Historian Leroy Radanovich, who worked with Sargent on some of her books, told the Fresno Bee in 2003 that Sargent “has done a very credible job of preserving the history of Yosemite for future generations.”

“She has compiled what I consider to be a definitive body of work,” he said, “which in all likelihood will not be matched by anyone soon.”

Sargent gathered her material through meticulous research at San Marino’s Huntington Library and UC Berkeley’s Bancroft Library, and in the newspaper files at the Mariposa Gazette.

She also learned about Yosemite and its denizens from personal experience.

“Yosemite has been my life since 1936 -- my magnet, my lodestar, my home,” she told the Modesto Bee in 1990 after wildfires destroyed her Flying Spur enclave near Foresta in the Stanislaus Forest.

Born July 12, 1927, in Los Angeles, Sargent was only 9 when she moved to Yosemite’s 8,600-foot-high Tuolumne Meadows in 1936 and began her love affair with the park.

Her father, an engineer, had taken his family to the high country while he helped rebuild the park sections of the Big Oak Flat and Tioga roads, and she later described the experience in her book “Enchanted Childhood.”

During the Depression, as her father worked in other national parks, including Kings Canyon and the Grand Canyon, the family moved 24 times in 10 years and Sargent attended a dozen schools. They settled in Pasadena in 1941.

Young Shirley eventually earned a two-year degree from Pasadena City College, and operated the Topsy-Turvy Nursery School from her home.

Sargent began writing fiction for the juvenile market, and her first book was “Pipeline Down the Valley” in 1955, which earned what she considered a remarkable royalty of $200. She wrote eight more youth books before turning full time to history for adults.

The conservationist author returned to the Yosemite area in 1953, when she built a summer cabin in Foresta, on the park border.

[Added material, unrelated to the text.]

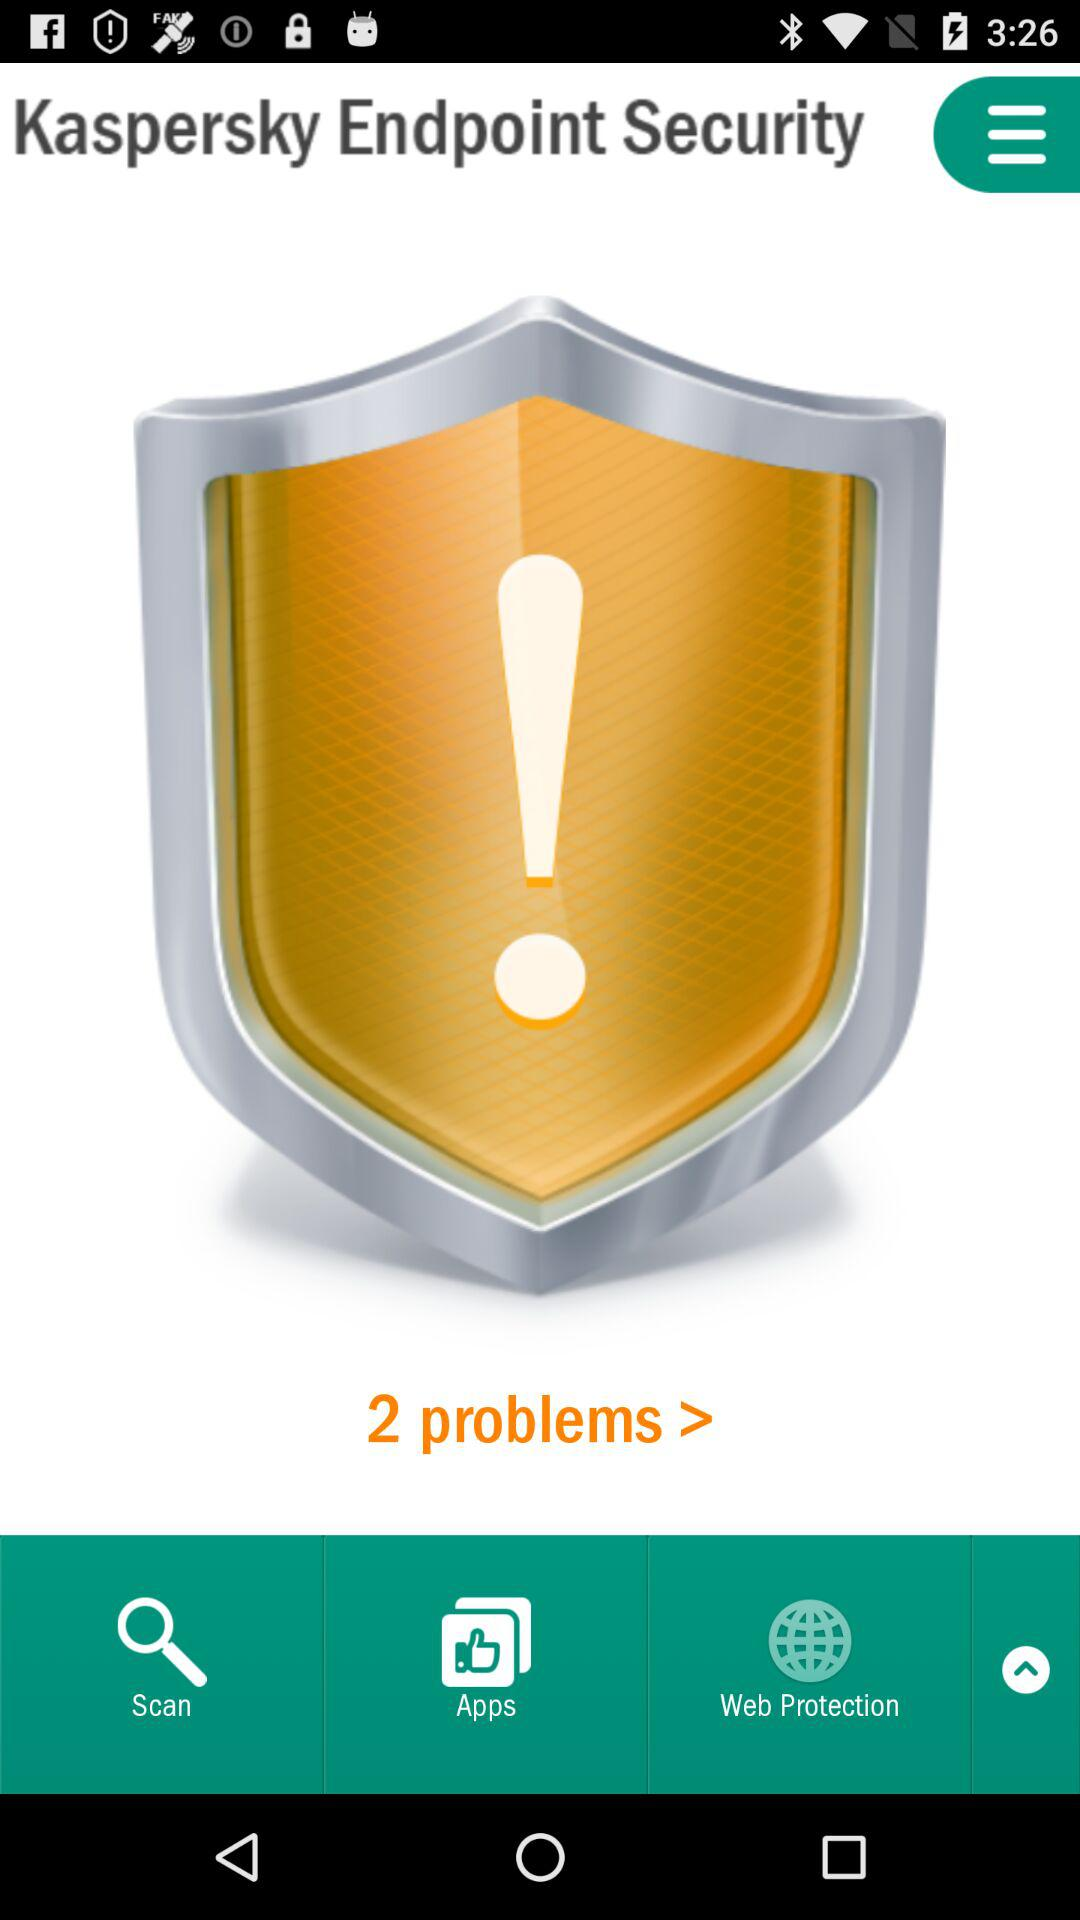How many problems are there?
Answer the question using a single word or phrase. 2

Sargent soon saw the nearby ruins of a stone fireplace and chimney -- the homestead of Solomons, who built a house in 1910 and lost it to a forest fire in 1936.

She bought the property in 1961, and built her house around the fireplace three years later.

A year after the 1990 fire razed the house, destroying her files, books, manuscripts and her cat Purr, Sargent rebuilt.

Though she lived in the home 11 miles west of the Yosemite Valley, Sargent typed her books and magazine articles in a pine-paneled office, inspired by her view of Yosemite’s centerpiece El Capitan and Half Dome peaks.

With neighbor and fellow author Hank Johnston, she founded Flying Spur Press to publish many of her books. The company also published calendars and postcards reproducing early Yosemite scenes.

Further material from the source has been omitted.